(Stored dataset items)
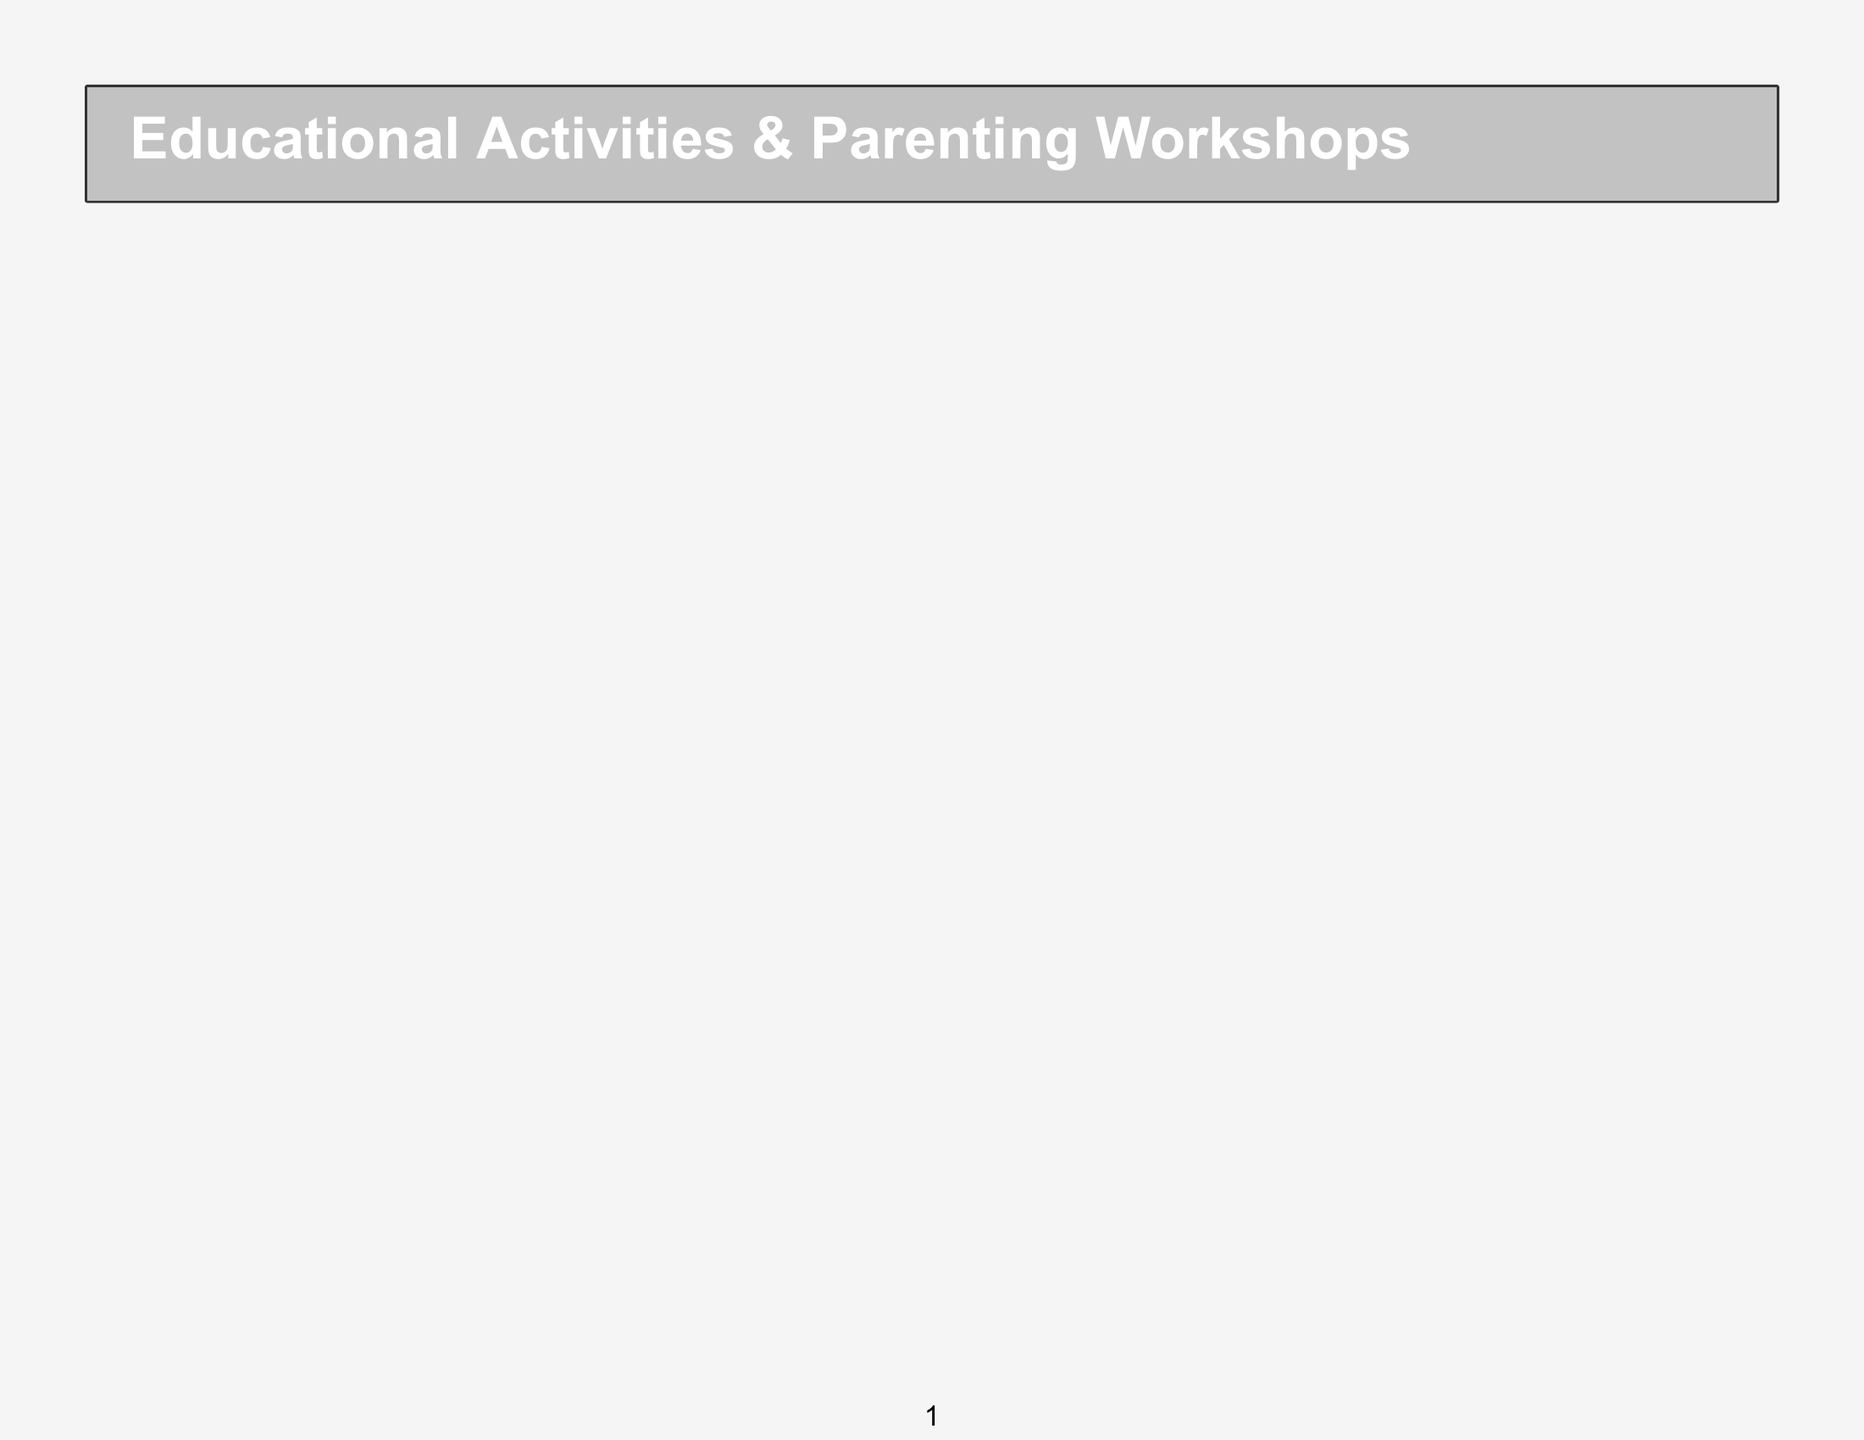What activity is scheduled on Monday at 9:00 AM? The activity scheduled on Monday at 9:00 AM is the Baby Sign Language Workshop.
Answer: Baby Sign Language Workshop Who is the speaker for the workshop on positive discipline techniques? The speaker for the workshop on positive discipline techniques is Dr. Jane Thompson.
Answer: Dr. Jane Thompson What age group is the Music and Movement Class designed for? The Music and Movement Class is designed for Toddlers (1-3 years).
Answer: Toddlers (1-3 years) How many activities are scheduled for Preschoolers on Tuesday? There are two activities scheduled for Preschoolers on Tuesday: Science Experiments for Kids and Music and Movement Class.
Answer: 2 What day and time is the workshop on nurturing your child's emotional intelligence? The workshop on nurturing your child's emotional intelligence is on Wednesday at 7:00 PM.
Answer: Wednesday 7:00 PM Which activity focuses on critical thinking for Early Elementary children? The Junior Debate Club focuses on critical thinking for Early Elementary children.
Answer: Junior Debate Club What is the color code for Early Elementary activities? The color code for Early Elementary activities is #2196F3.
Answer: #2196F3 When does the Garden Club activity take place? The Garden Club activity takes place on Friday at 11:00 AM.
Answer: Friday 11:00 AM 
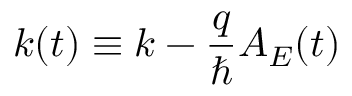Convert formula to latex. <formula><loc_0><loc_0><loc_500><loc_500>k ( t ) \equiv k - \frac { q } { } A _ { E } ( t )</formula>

> **How to complete this task**: Repeat the records in full, precisely, and keep the pictures out.

> **Response below**:
What activity is scheduled on Monday at 9:00 AM? The activity scheduled on Monday at 9:00 AM is the Baby Sign Language Workshop.
Answer: Baby Sign Language Workshop Who is the speaker for the workshop on positive discipline techniques? The speaker for the workshop on positive discipline techniques is Dr. Jane Thompson.
Answer: Dr. Jane Thompson What age group is the Music and Movement Class designed for? The Music and Movement Class is designed for Toddlers (1-3 years).
Answer: Toddlers (1-3 years) How many activities are scheduled for Preschoolers on Tuesday? There are two activities scheduled for Preschoolers on Tuesday: Science Experiments for Kids and Music and Movement Class.
Answer: 2 What day and time is the workshop on nurturing your child's emotional intelligence? The workshop on nurturing your child's emotional intelligence is on Wednesday at 7:00 PM.
Answer: Wednesday 7:00 PM Which activity focuses on critical thinking for Early Elementary children? The Junior Debate Club focuses on critical thinking for Early Elementary children.
Answer: Junior Debate Club What is the color code for Early Elementary activities? The color code for Early Elementary activities is #2196F3.
Answer: #2196F3 When does the Garden Club activity take place? The Garden Club activity takes place on Friday at 11:00 AM.
Answer: Friday 11:00 AM 
Convert formula to latex. <formula><loc_0><loc_0><loc_500><loc_500>k ( t ) \equiv k - \frac { q } { } A _ { E } ( t )</formula>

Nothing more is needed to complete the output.